### REQUIRED ACTION
Copy out the entries below exactly as they stand, but only from the line containing "text row3 = subs(dW, rho, r);" through the line containing "text % preallocate".

BEGIN ENTRIES SHOWN

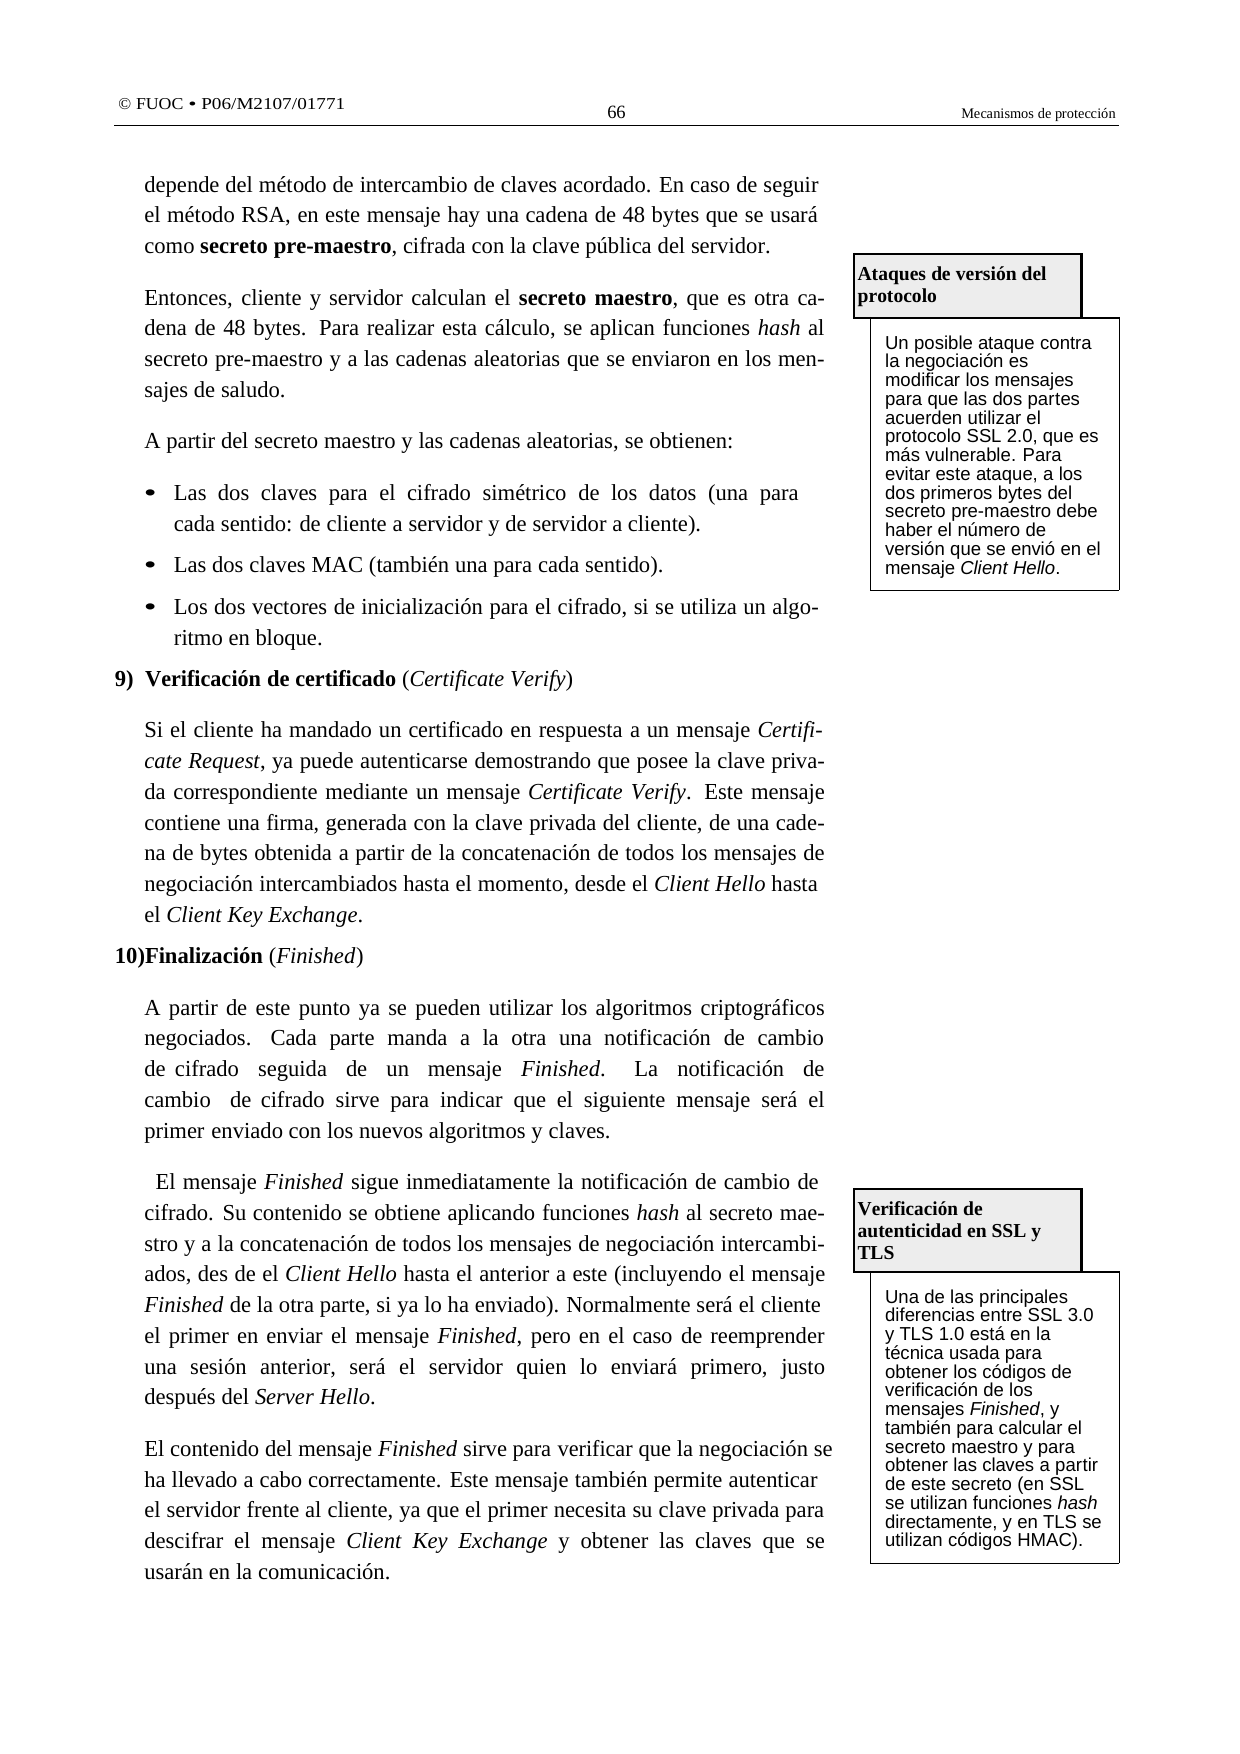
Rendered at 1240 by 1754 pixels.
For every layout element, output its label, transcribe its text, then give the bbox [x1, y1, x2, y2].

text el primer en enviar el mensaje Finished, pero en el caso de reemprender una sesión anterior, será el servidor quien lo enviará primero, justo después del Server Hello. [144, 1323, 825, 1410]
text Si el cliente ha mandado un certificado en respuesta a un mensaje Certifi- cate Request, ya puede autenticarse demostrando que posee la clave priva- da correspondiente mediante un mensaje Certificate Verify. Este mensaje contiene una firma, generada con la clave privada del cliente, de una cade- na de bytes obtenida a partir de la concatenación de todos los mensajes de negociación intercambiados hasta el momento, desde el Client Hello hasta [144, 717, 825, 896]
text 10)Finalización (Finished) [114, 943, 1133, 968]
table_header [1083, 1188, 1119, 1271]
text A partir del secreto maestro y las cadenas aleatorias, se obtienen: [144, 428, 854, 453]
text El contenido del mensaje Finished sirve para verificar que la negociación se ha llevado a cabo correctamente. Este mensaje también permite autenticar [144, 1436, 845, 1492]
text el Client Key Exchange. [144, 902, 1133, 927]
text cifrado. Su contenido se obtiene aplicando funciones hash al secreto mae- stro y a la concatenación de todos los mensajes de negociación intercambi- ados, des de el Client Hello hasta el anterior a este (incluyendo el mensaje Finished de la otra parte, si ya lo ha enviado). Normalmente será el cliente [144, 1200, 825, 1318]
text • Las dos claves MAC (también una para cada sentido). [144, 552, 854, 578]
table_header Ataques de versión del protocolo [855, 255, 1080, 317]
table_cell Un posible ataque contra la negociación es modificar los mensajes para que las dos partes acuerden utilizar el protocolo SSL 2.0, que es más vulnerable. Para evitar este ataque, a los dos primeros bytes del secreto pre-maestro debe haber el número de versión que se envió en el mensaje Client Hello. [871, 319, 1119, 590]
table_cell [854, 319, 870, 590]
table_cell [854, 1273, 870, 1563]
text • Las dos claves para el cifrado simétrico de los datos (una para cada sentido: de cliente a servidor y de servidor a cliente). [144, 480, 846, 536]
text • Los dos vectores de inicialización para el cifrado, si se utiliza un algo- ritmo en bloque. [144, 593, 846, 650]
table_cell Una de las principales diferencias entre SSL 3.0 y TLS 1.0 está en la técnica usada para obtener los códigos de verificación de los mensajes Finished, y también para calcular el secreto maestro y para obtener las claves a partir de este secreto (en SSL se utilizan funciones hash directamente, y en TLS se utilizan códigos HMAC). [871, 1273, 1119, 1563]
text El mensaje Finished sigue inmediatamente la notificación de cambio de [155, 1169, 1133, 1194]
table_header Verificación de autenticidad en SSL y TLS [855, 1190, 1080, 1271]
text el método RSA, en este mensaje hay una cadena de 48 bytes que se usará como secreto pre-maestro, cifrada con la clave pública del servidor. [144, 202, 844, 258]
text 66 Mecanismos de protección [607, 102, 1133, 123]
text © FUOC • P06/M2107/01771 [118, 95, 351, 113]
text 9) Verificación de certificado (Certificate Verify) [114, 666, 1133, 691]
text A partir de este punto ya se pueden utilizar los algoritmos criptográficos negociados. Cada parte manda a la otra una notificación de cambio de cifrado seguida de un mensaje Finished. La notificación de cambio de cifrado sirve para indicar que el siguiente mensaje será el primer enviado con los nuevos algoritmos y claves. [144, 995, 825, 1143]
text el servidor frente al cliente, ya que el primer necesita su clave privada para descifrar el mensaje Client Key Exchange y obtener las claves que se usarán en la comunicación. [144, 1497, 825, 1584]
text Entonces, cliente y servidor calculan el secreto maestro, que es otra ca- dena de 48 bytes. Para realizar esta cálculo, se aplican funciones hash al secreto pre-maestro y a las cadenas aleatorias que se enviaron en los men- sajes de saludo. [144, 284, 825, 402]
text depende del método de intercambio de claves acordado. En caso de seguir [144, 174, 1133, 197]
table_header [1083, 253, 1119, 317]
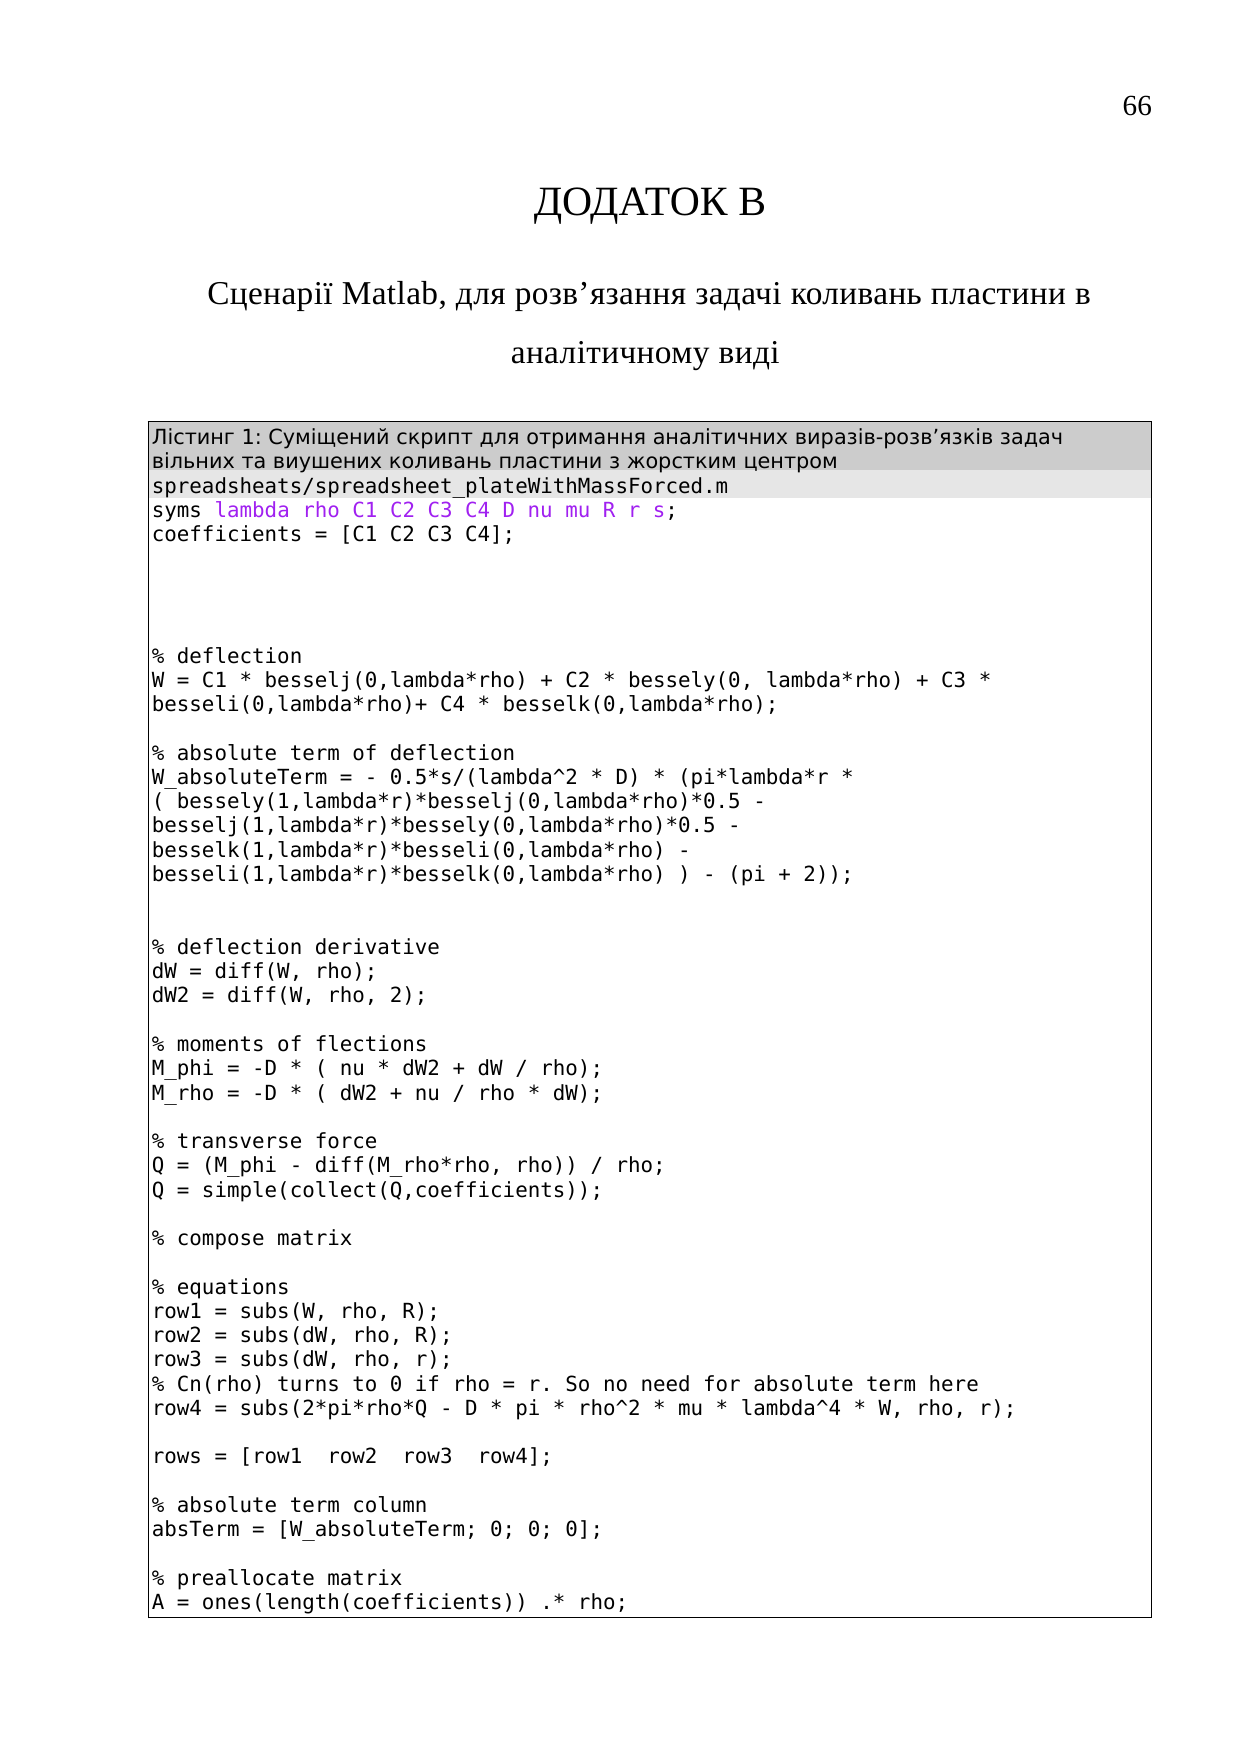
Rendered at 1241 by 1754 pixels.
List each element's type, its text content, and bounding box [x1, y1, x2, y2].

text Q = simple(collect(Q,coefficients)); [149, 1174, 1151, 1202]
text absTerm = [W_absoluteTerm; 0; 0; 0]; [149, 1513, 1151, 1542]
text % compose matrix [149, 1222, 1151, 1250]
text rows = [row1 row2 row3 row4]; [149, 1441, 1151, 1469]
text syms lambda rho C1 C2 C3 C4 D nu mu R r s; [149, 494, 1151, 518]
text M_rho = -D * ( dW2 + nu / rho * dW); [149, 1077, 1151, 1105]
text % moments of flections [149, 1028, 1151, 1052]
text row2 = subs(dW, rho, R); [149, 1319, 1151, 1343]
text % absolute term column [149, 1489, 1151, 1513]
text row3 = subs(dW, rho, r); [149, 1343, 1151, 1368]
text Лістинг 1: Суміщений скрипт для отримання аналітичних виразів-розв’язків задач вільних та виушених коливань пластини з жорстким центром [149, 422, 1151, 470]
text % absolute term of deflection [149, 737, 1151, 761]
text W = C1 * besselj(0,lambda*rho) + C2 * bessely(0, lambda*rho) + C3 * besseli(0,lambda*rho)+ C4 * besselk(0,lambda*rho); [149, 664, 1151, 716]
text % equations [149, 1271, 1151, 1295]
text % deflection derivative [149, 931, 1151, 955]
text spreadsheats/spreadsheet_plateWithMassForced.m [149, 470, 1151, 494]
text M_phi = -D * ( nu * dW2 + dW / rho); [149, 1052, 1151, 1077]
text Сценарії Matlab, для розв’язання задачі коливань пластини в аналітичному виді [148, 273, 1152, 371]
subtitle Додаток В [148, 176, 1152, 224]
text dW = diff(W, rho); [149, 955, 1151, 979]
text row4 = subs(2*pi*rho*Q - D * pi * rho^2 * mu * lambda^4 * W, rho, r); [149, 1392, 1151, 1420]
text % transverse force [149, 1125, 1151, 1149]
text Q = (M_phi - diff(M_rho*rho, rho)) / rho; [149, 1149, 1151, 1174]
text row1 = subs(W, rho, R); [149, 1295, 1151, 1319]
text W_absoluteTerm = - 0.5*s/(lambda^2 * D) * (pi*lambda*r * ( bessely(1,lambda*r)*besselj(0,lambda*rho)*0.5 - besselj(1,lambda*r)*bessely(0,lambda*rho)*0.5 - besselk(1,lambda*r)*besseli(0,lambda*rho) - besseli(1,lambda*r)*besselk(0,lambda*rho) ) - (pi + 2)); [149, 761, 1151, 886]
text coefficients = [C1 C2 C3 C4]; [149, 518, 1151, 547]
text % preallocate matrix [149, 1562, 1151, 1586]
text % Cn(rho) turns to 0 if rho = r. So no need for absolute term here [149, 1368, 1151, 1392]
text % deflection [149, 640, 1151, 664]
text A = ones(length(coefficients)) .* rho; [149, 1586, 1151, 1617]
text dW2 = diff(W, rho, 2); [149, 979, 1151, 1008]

END ENTRIES SHOWN

### EXERCISE RESULT
text row3 = subs(dW, rho, r); [149, 1343, 1151, 1368]
text Лістинг 1: Суміщений скрипт для отримання аналітичних виразів-розв’язків задач вільних та виушених коливань пластини з жорстким центром [149, 422, 1151, 470]
text % absolute term of deflection [149, 737, 1151, 761]
text W = C1 * besselj(0,lambda*rho) + C2 * bessely(0, lambda*rho) + C3 * besseli(0,lambda*rho)+ C4 * besselk(0,lambda*rho); [149, 664, 1151, 716]
text % equations [149, 1271, 1151, 1295]
text % deflection derivative [149, 931, 1151, 955]
text spreadsheats/spreadsheet_plateWithMassForced.m [149, 470, 1151, 494]
text M_phi = -D * ( nu * dW2 + dW / rho); [149, 1052, 1151, 1077]
text Сценарії Matlab, для розв’язання задачі коливань пластини в аналітичному виді [148, 273, 1152, 371]
subtitle Додаток В [148, 176, 1152, 224]
text dW = diff(W, rho); [149, 955, 1151, 979]
text row4 = subs(2*pi*rho*Q - D * pi * rho^2 * mu * lambda^4 * W, rho, r); [149, 1392, 1151, 1420]
text % transverse force [149, 1125, 1151, 1149]
text Q = (M_phi - diff(M_rho*rho, rho)) / rho; [149, 1149, 1151, 1174]
text row1 = subs(W, rho, R); [149, 1295, 1151, 1319]
text W_absoluteTerm = - 0.5*s/(lambda^2 * D) * (pi*lambda*r * ( bessely(1,lambda*r)*besselj(0,lambda*rho)*0.5 - besselj(1,lambda*r)*bessely(0,lambda*rho)*0.5 - besselk(1,lambda*r)*besseli(0,lambda*rho) - besseli(1,lambda*r)*besselk(0,lambda*rho) ) - (pi + 2)); [149, 761, 1151, 886]
text coefficients = [C1 C2 C3 C4]; [149, 518, 1151, 547]
text % preallocate matrix [149, 1562, 1151, 1586]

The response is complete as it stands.